Paediatric & Neonatal Pain
|March 11, 2025
Summary
Machine learning analysis of electroencephalography (EEG) can identify infant pain responses. This approach offers a more objective method for assessing pain in neonates, overcoming limitations of current observational scales.
Area of Science:
- Neuroscience
- Machine Learning
- Neonatal Care
Background:
- Observer-dependent infant pain scales are limited by discontinuous assessments and healthcare professional availability.
- Objective methods are needed to accurately assess acute pain in neonates.
- Electroencephalography (EEG) offers a continuous physiological measure that may capture pain-related neural activity.
Purpose of the Study:
- To investigate the application of agnostic machine learning approaches to neonatal EEG analysis for identifying infant pain responses.
- To develop and validate a machine learning model capable of detecting acute pain in neonates using EEG data.
Main Methods:
- EEG data were recorded from 30 neonates undergoing painful procedures.
- Functional connectivity measures were calculated before and after procedures.
- A gradient boosting machine learning model was trained and validated using leave-one-subject-out cross-validation and an independent test set.
Main Results:
- The optimal gradient boosting model achieved 90% area under the receiver operating characteristic curve, indicating high accuracy in pain detection.

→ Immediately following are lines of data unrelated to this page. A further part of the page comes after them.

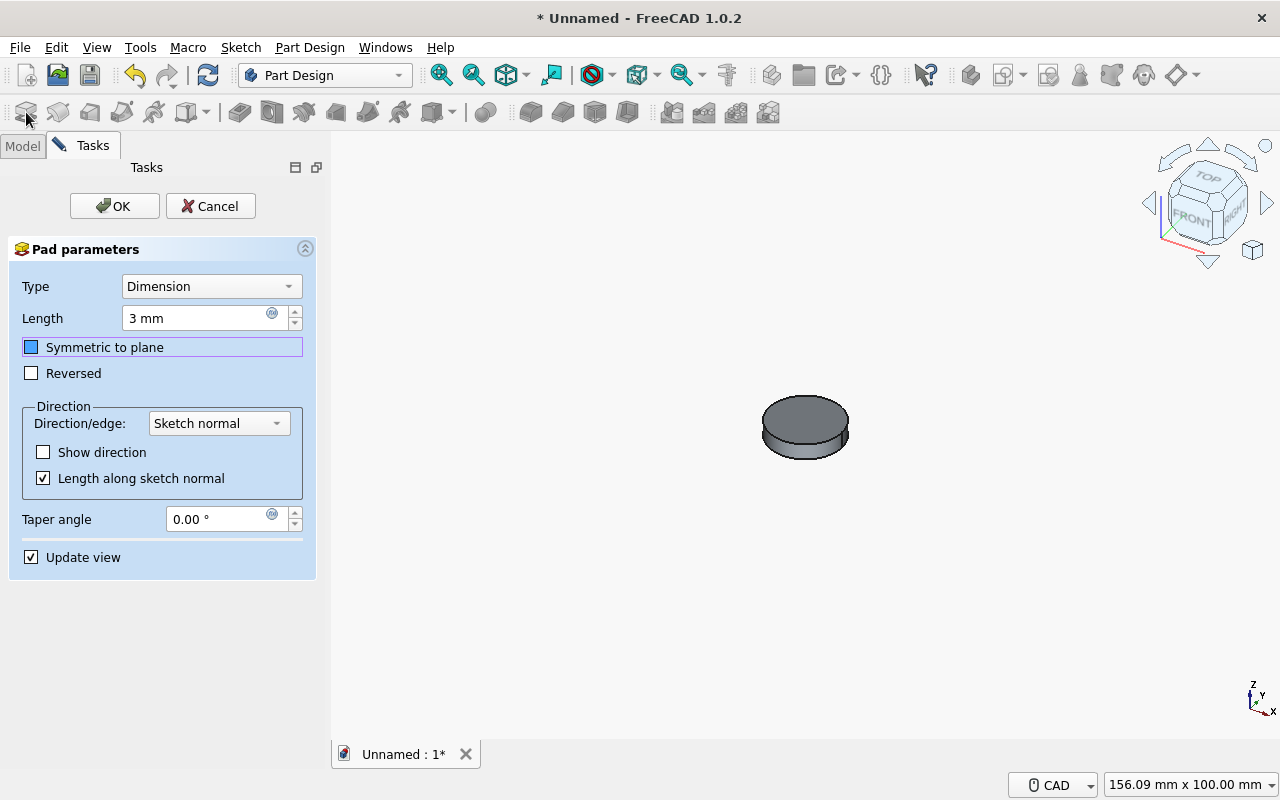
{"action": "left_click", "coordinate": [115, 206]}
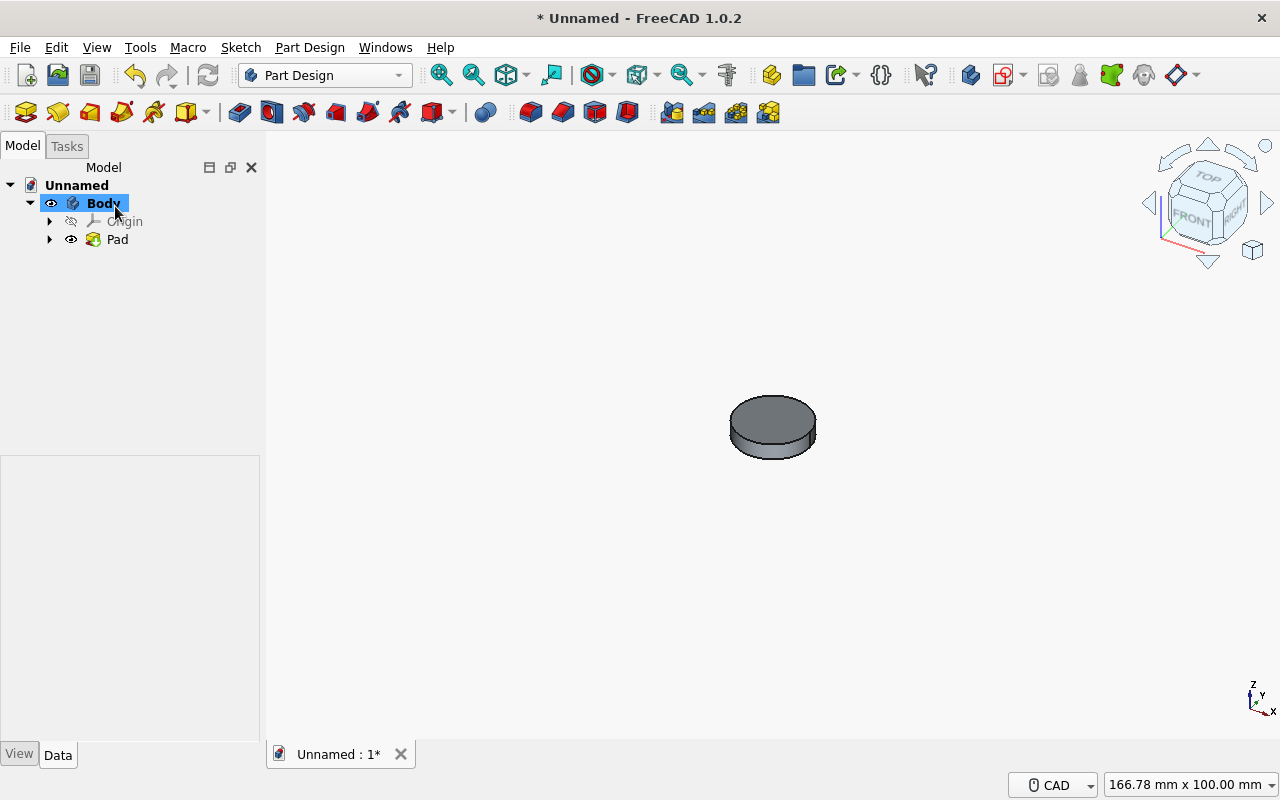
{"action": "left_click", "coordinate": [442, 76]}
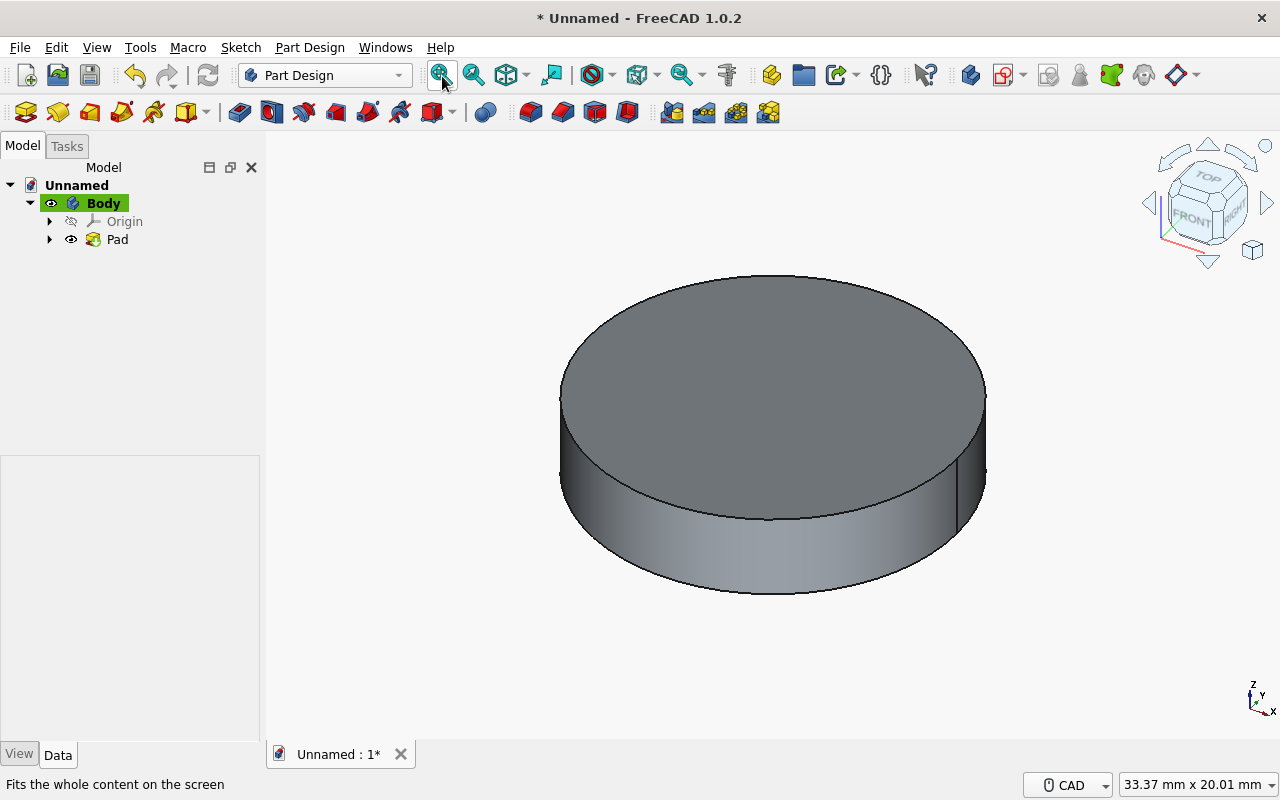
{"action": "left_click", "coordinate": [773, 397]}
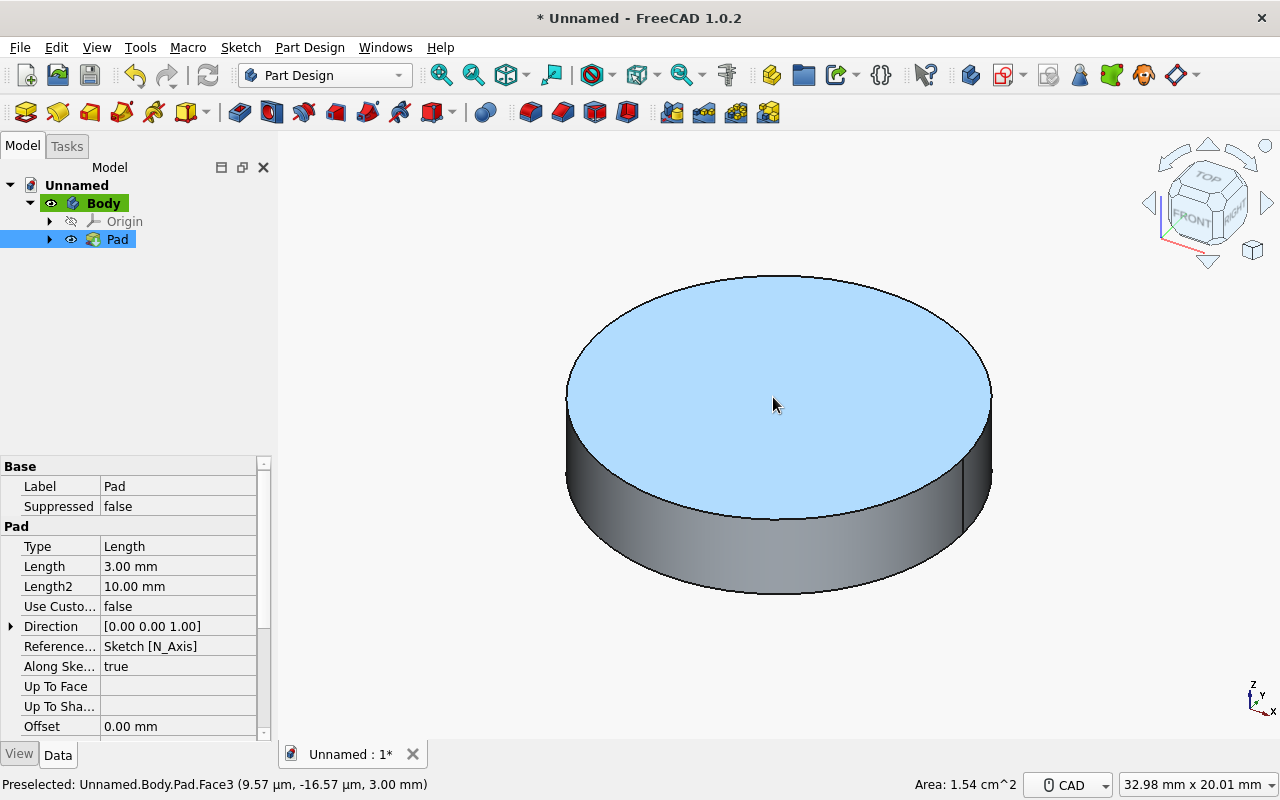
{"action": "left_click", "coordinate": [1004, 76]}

- The model identified 12 key features, primarily related to functional connectivity between specific EEG electrode pairs.
- These features suggest the involvement of brain regions such as the temporal gyrus, opercular cortex, thalamus, and insula in infant pain processing.
Conclusions:
- Machine learning analysis of neonatal EEG, specifically functional connectivity, can objectively detect infant responses to acute pain.
- This approach shows promise in overcoming the limitations of traditional observer-dependent pain scales.
- Future integration of EEG with other physiological and behavioral data could further enhance the assessment of infant pain complexity.